Across the entries below, work out how many lines contain "resource". Please give the number only.
##### Exercise data #####
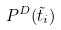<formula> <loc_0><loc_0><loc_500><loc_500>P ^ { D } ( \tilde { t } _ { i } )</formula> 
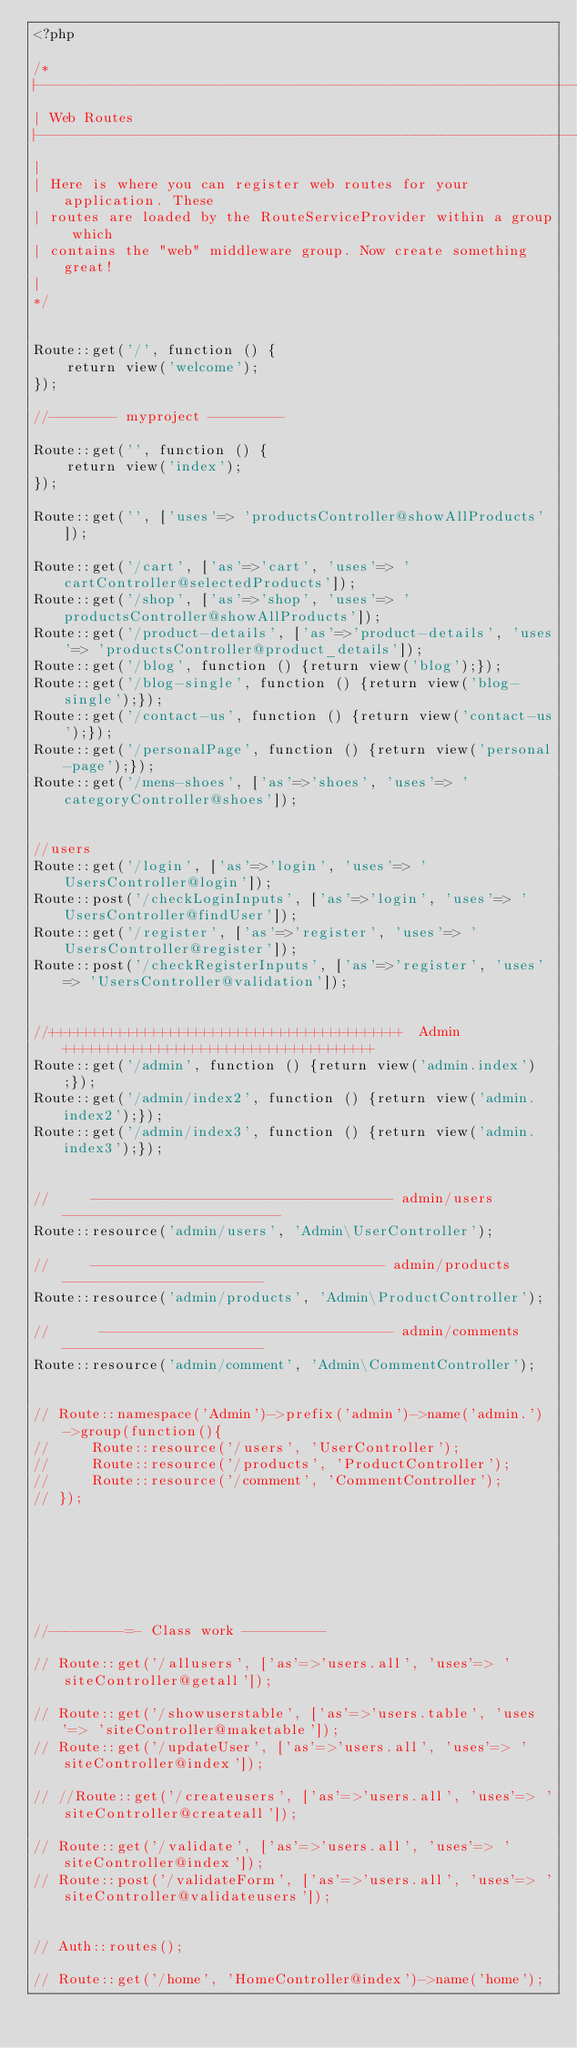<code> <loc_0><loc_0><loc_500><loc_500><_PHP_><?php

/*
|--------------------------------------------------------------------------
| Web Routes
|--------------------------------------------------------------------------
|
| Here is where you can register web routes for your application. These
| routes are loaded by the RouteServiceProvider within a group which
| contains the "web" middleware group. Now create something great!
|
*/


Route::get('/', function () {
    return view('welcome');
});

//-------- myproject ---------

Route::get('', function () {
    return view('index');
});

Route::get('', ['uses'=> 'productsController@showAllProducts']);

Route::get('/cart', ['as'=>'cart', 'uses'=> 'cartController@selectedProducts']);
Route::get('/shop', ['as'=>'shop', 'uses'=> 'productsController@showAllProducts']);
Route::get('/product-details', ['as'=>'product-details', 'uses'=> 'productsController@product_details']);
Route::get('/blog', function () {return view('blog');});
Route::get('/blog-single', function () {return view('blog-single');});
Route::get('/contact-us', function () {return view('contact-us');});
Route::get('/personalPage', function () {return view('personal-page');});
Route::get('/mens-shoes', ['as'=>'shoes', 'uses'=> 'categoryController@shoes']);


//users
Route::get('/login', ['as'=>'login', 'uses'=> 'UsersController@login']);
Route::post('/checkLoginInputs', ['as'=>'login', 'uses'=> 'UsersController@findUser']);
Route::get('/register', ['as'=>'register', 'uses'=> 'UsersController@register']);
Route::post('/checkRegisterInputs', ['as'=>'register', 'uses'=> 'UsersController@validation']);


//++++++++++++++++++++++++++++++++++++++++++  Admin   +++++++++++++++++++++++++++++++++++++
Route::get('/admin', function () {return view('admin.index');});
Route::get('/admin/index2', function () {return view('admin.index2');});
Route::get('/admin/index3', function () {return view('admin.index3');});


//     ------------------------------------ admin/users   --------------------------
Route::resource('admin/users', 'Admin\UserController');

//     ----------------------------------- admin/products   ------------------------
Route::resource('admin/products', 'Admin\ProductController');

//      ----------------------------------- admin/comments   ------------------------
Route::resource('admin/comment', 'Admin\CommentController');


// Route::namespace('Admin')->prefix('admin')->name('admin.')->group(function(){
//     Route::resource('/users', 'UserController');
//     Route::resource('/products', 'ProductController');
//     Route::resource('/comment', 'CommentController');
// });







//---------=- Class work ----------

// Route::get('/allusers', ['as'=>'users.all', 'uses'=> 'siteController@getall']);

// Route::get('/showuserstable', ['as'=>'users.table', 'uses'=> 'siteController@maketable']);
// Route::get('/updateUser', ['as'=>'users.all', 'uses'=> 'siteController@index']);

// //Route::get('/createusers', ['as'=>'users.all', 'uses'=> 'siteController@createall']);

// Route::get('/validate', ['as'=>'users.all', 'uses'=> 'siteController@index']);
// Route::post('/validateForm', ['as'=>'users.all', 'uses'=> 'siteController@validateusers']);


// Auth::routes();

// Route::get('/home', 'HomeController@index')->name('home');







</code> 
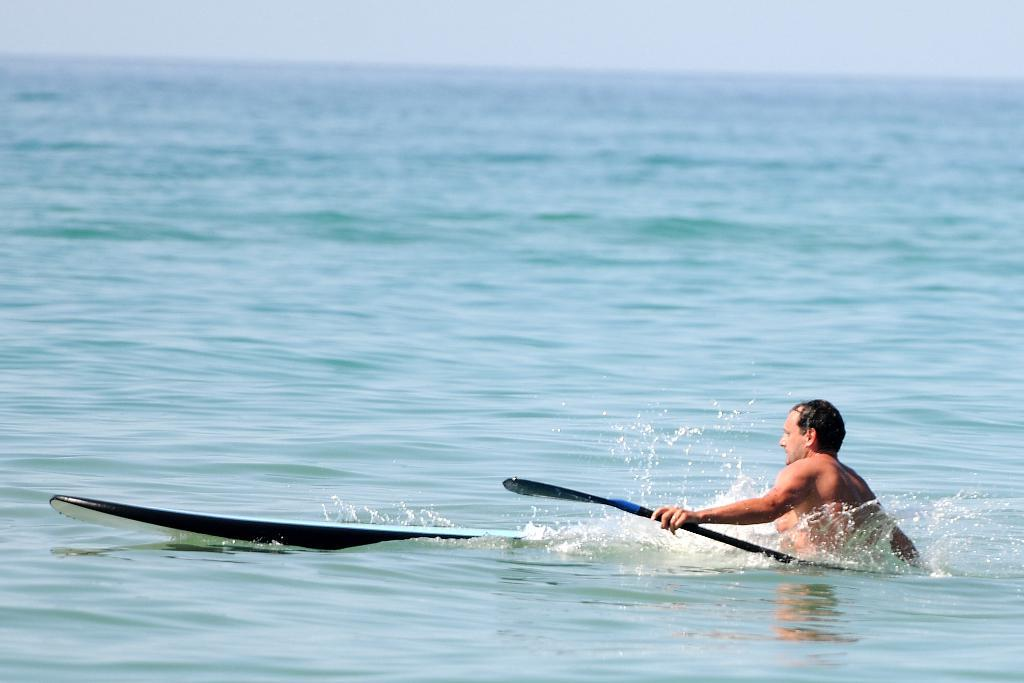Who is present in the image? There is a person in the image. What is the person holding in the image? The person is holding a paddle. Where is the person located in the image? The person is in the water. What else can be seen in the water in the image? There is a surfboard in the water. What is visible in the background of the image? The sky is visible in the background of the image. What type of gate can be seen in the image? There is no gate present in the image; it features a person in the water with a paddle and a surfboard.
#####
*Exercise solution*
6